Question: Which actor has appeared in the most films?
SQLQuery:SELECT a.actor_id, a.first_name, a.last_name, COUNT(*) AS num_films FROM actor a JOIN film_actor fa ON a.actor_id = fa.actor_id GROUP BY a.actor_id ORDER BY num_films DESC LIMIT 1;
SQLResult: [(107, 'GINA', 'DEGENERES', 42)]
Answer:

> Finished chain.
Gina DeGeneres has appeared in the most films (42).
> Finished chain.

Conclusion

The rapid advancements in AI, especially with open-source tools like Llama and CodeLlama, are changing how we talk to databases using everyday language.
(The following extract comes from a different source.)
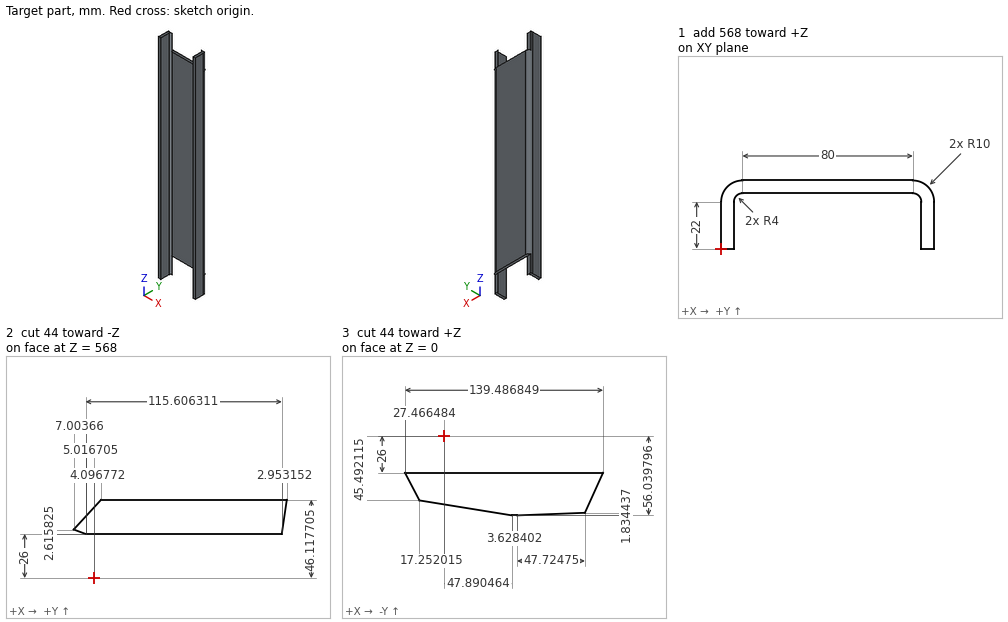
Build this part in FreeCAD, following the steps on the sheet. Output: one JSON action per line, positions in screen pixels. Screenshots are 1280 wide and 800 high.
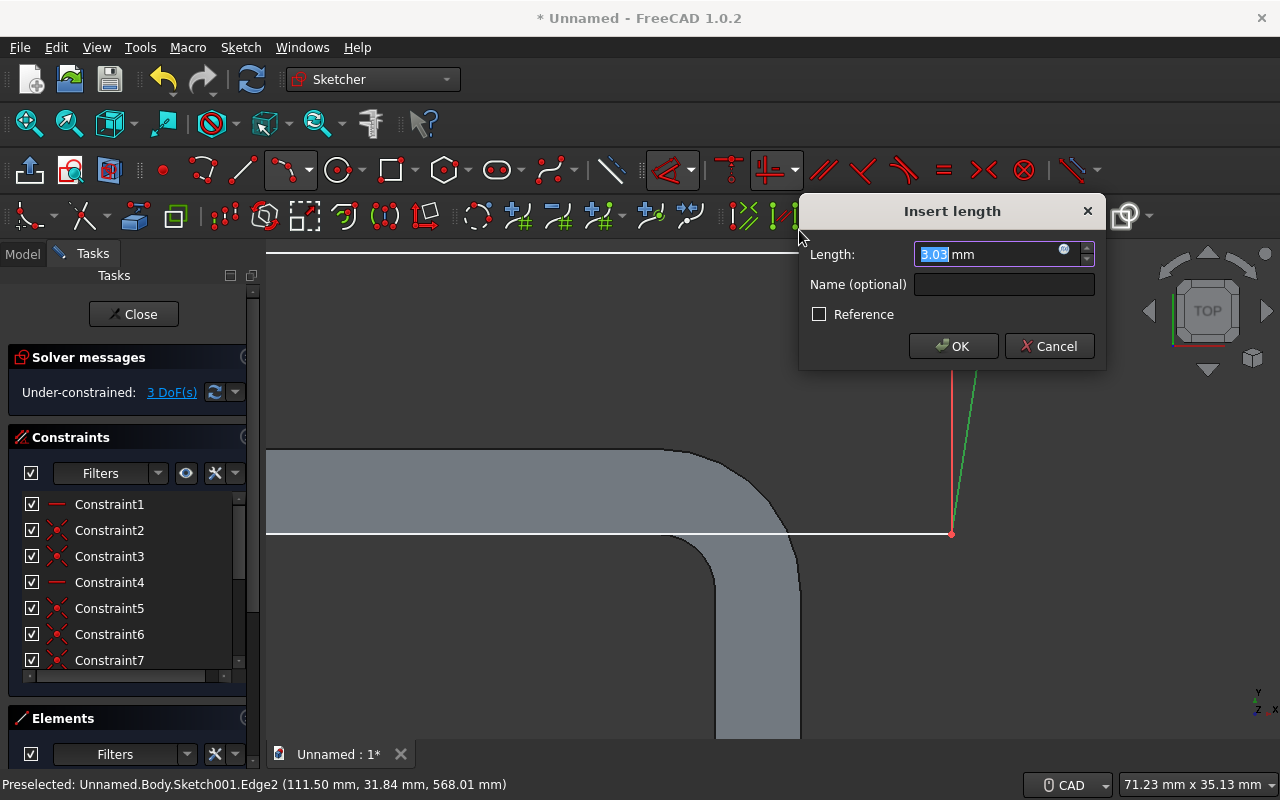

The combination of LangChain and Few Shot Prompting makes it easier for us to ask complex questions and get meaningful answers.

As we explored CodeLlama and LangChain, we saw how AI can help us get insights from data while keeping our information safe. Businesses can now use big AI models without sharing sensitive data, which is a big deal.

This journey shows us that AI can make data tasks simpler and more accessible. Whether it’s asking database questions, finding specific info, or answering tricky queries, open-source AI tools and clever techniques are making it easier for businesses to make the most of their data.